Look through the records, and wherever the string "full" turns up, copy out that line.

* [DATA RECORDS]
· · · · ·
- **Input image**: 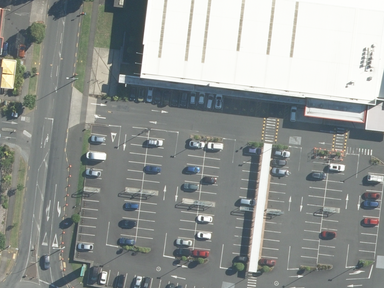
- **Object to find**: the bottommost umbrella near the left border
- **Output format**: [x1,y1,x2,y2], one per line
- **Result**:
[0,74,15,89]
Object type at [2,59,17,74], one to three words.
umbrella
· · · · ·
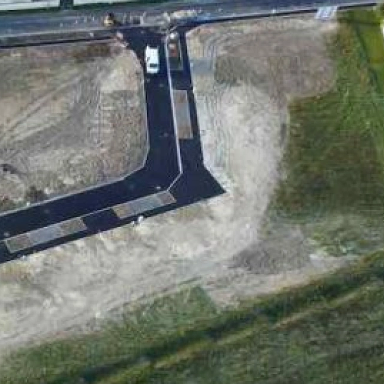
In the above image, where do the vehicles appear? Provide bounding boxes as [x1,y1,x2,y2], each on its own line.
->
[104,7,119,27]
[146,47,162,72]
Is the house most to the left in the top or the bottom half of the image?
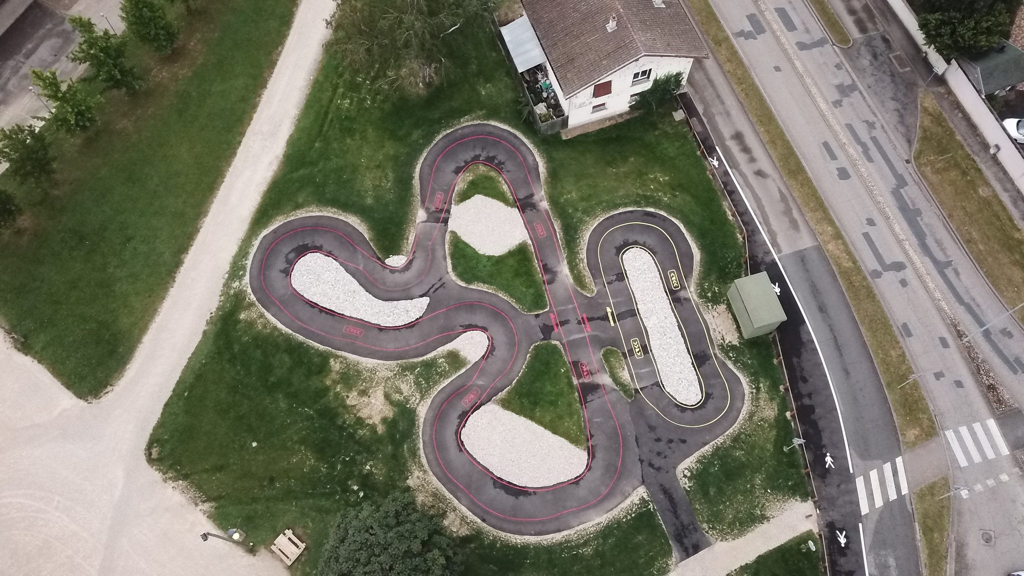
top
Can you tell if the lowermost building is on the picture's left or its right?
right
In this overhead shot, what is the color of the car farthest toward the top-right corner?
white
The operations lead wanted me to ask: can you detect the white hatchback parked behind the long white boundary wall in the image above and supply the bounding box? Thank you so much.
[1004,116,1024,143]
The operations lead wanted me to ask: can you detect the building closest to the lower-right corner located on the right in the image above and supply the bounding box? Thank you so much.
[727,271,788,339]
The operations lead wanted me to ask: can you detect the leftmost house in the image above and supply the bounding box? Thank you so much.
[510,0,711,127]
· · · · ·
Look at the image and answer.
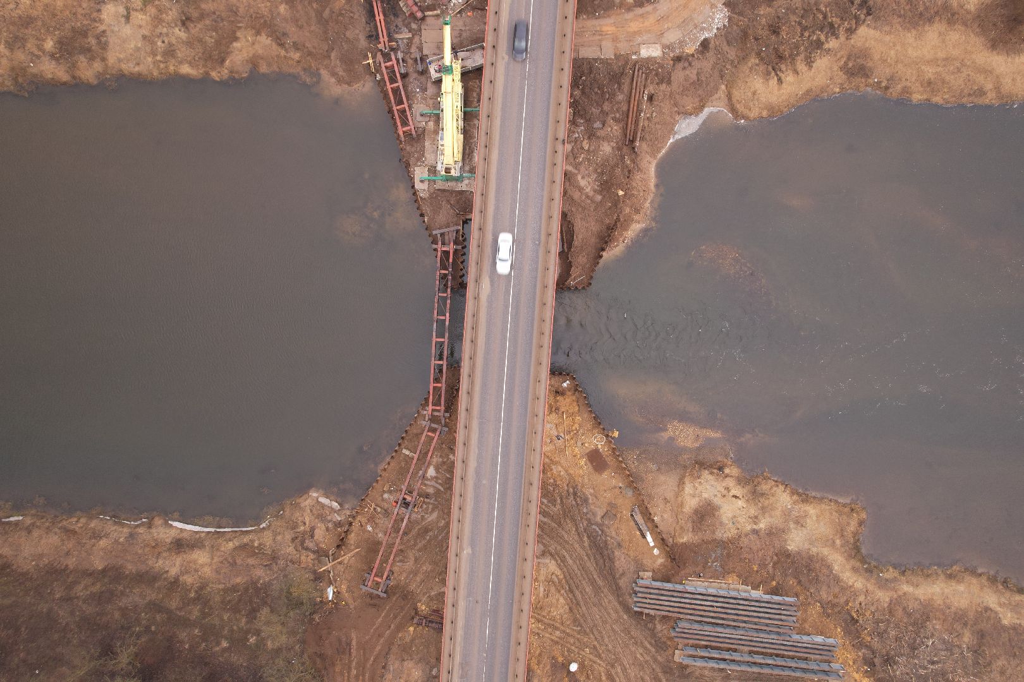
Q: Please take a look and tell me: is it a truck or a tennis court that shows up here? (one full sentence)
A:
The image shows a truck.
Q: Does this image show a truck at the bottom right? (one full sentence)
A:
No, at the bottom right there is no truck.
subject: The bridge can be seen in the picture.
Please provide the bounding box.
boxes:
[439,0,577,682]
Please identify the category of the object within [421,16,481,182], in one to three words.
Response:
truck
· · · · ·
* [PROBLEM SOLUTION]
Q: Please take a look and tell me: is it a truck or a tennis court that shows up here? (one full sentence)
Q: Does this image show a truck at the bottom right? (one full sentence)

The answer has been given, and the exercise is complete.